Hoy les dejamos para hacer su rato de oración con la carta del Prelado de Opus Dei del mes de Julio.
Queridísimos: ¡que Jesús me guarde a
mis hijas y a mis hijos!
A medida que transcurre el año
mariano, procuremos hacer más intensa nuestra plegaria por el próximo Sínodo de
los Obispos sobre la familia. El Papa Francisco no cesa de pedir una oración llena de amor por la familia y
por la vida. Una oración que sabe alegrarse con quien se alegra y sufrir con
quien sufre (...). Así, sostenida y animada por la gracia de Dios, la Iglesia
podrá estar aún más comprometida, y aún más unida, en el testimonio de la
verdad del amor de Dios y de su misericordia por las familias del mundo,
ninguna excluida, tanto dentro como fuera del redil[1].
La intercesión de la Virgen es
decisiva. Acudamos a Ella con mucha confianza, mientras preparamos la fiesta
del 16 de julio. La memoria litúrgica de la Virgen del Carmen renueva la
invitación a redoblar nuestras peticiones al Cielo. Mediante esta advocación,
la Iglesia nos anima a recurrir a Aquella que, con su auxilio y sus cuidados
maternos, nos haga dignos de llegar al
monte santo que es Cristo[2].
San Juan Pablo II subrayaba la absoluta necesidad de la
catequesis en el ámbito del hogar, especialmente ahora, cuando en muchos
lugares «una legislación antirreligiosa pretende incluso impedir la educación
en la fe, o donde ha cundido la incredulidad o ha penetrado el secularismo
hasta el punto de resultar prácticamente imposible una verdadera creencia
religiosa»[3].
Todos nos hallamos gozosamente comprometidos en esta tarea;
con la confianza puesta en Dios y con optimismo, sin dejarnos influir por
ningún ambiente adverso ni por las dificultades objetivas que puedan
presentarse. Mirad que no se ha acortado
la mano del Señor para salvar, ni se ha endurecido su oído para oír[4],
nos dice por el profeta Isaías. Dios es el de siempre. —Hombres de fe hacen
falta: y se renovarán los prodigios que leemos en la Santa Escritura[5].

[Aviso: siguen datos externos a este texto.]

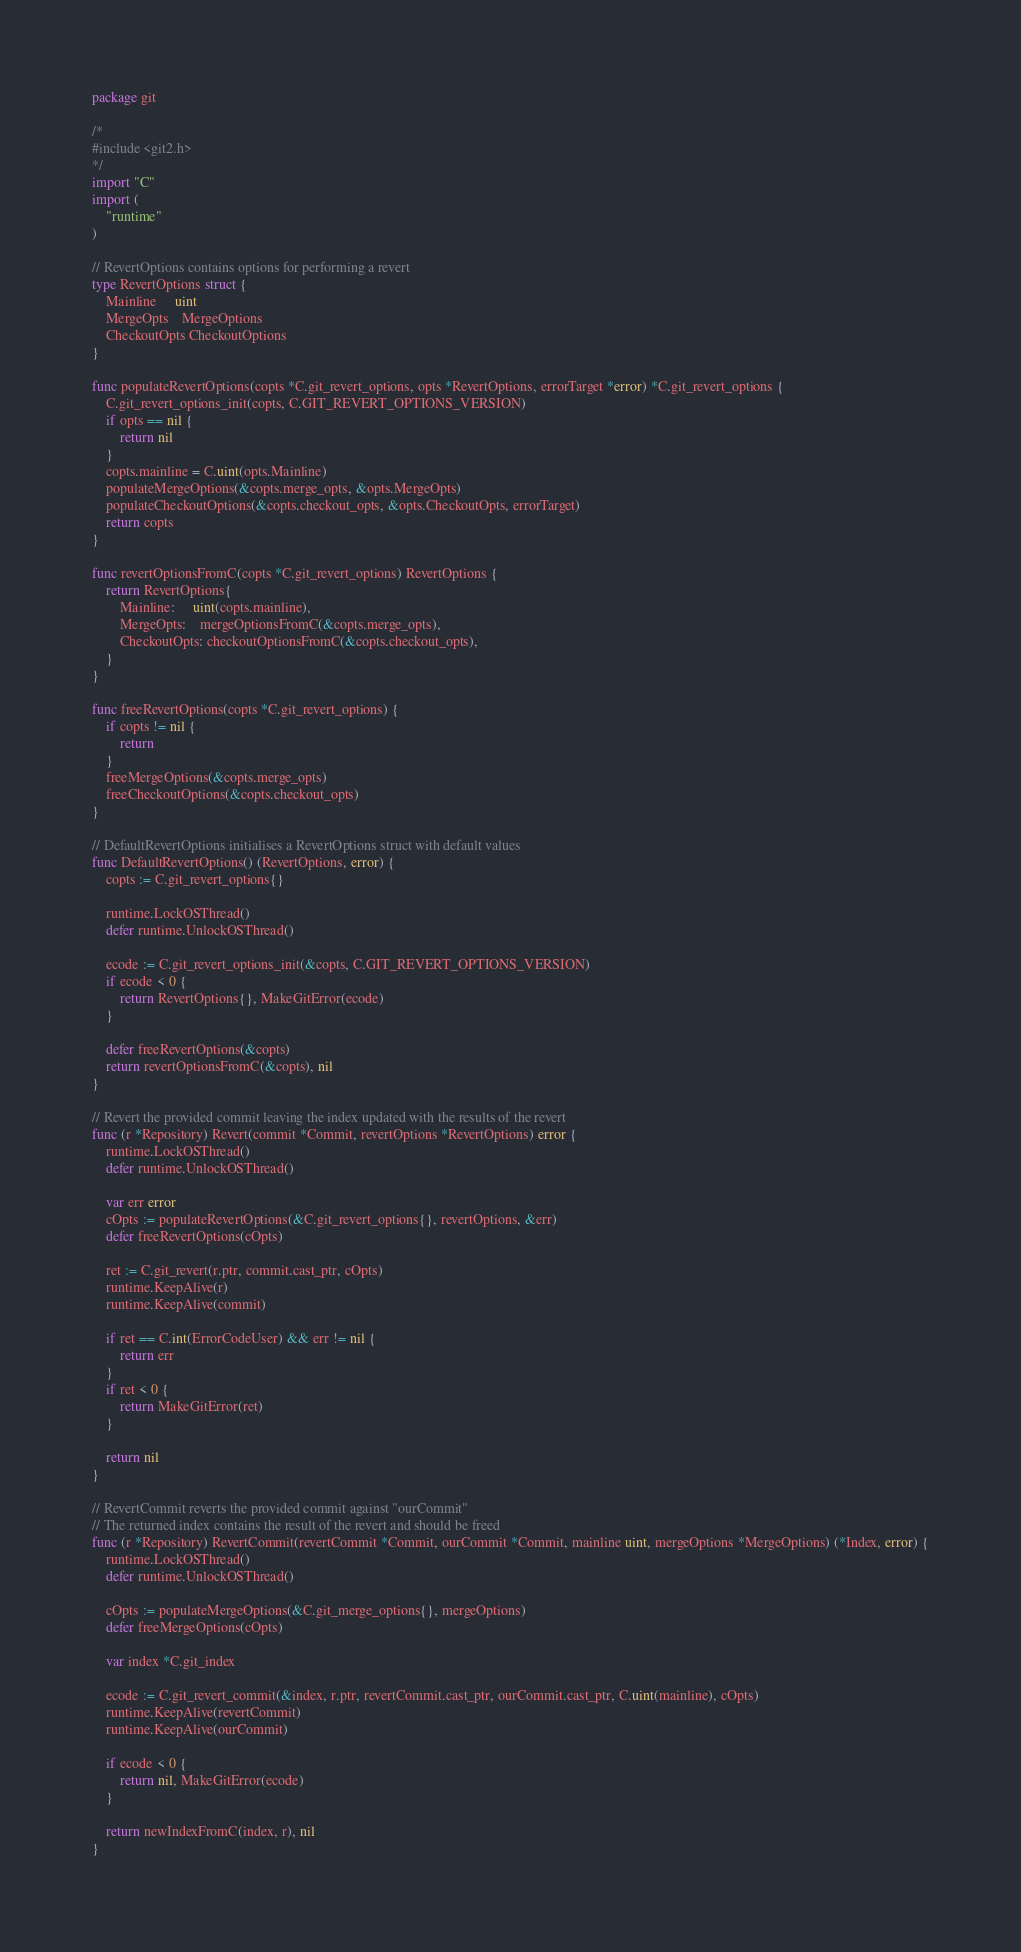Convert code to text. <code><loc_0><loc_0><loc_500><loc_500><_Go_>package git

/*
#include <git2.h>
*/
import "C"
import (
	"runtime"
)

// RevertOptions contains options for performing a revert
type RevertOptions struct {
	Mainline     uint
	MergeOpts    MergeOptions
	CheckoutOpts CheckoutOptions
}

func populateRevertOptions(copts *C.git_revert_options, opts *RevertOptions, errorTarget *error) *C.git_revert_options {
	C.git_revert_options_init(copts, C.GIT_REVERT_OPTIONS_VERSION)
	if opts == nil {
		return nil
	}
	copts.mainline = C.uint(opts.Mainline)
	populateMergeOptions(&copts.merge_opts, &opts.MergeOpts)
	populateCheckoutOptions(&copts.checkout_opts, &opts.CheckoutOpts, errorTarget)
	return copts
}

func revertOptionsFromC(copts *C.git_revert_options) RevertOptions {
	return RevertOptions{
		Mainline:     uint(copts.mainline),
		MergeOpts:    mergeOptionsFromC(&copts.merge_opts),
		CheckoutOpts: checkoutOptionsFromC(&copts.checkout_opts),
	}
}

func freeRevertOptions(copts *C.git_revert_options) {
	if copts != nil {
		return
	}
	freeMergeOptions(&copts.merge_opts)
	freeCheckoutOptions(&copts.checkout_opts)
}

// DefaultRevertOptions initialises a RevertOptions struct with default values
func DefaultRevertOptions() (RevertOptions, error) {
	copts := C.git_revert_options{}

	runtime.LockOSThread()
	defer runtime.UnlockOSThread()

	ecode := C.git_revert_options_init(&copts, C.GIT_REVERT_OPTIONS_VERSION)
	if ecode < 0 {
		return RevertOptions{}, MakeGitError(ecode)
	}

	defer freeRevertOptions(&copts)
	return revertOptionsFromC(&copts), nil
}

// Revert the provided commit leaving the index updated with the results of the revert
func (r *Repository) Revert(commit *Commit, revertOptions *RevertOptions) error {
	runtime.LockOSThread()
	defer runtime.UnlockOSThread()

	var err error
	cOpts := populateRevertOptions(&C.git_revert_options{}, revertOptions, &err)
	defer freeRevertOptions(cOpts)

	ret := C.git_revert(r.ptr, commit.cast_ptr, cOpts)
	runtime.KeepAlive(r)
	runtime.KeepAlive(commit)

	if ret == C.int(ErrorCodeUser) && err != nil {
		return err
	}
	if ret < 0 {
		return MakeGitError(ret)
	}

	return nil
}

// RevertCommit reverts the provided commit against "ourCommit"
// The returned index contains the result of the revert and should be freed
func (r *Repository) RevertCommit(revertCommit *Commit, ourCommit *Commit, mainline uint, mergeOptions *MergeOptions) (*Index, error) {
	runtime.LockOSThread()
	defer runtime.UnlockOSThread()

	cOpts := populateMergeOptions(&C.git_merge_options{}, mergeOptions)
	defer freeMergeOptions(cOpts)

	var index *C.git_index

	ecode := C.git_revert_commit(&index, r.ptr, revertCommit.cast_ptr, ourCommit.cast_ptr, C.uint(mainline), cOpts)
	runtime.KeepAlive(revertCommit)
	runtime.KeepAlive(ourCommit)

	if ecode < 0 {
		return nil, MakeGitError(ecode)
	}

	return newIndexFromC(index, r), nil
}
</code>

Esta labor en el seno del hogar
corresponde en primer lugar a los padres. De acuerdo con la edad y las
características de cada uno de los hijos, han de enseñarles los profundos
significados de la fe y la caridad de Jesucristo. «Mediante el testimonio de su
vida, son los primeros mensajeros del Evangelio ante los hijos. Es más, rezando
con los hijos, dedicándose con ellos a la lectura de la Palabra de Dios e
introduciéndolos en la intimidad del Cuerpo —eucarístico y eclesial— de Cristo
mediante la iniciación cristiana, llegan a ser plenamente padres, es decir,
engendradores no sólo de la vida corporal, sino también de aquella que,
mediante la renovación del Espíritu, brota de la Cruz y Resurrección de Cristo»[6].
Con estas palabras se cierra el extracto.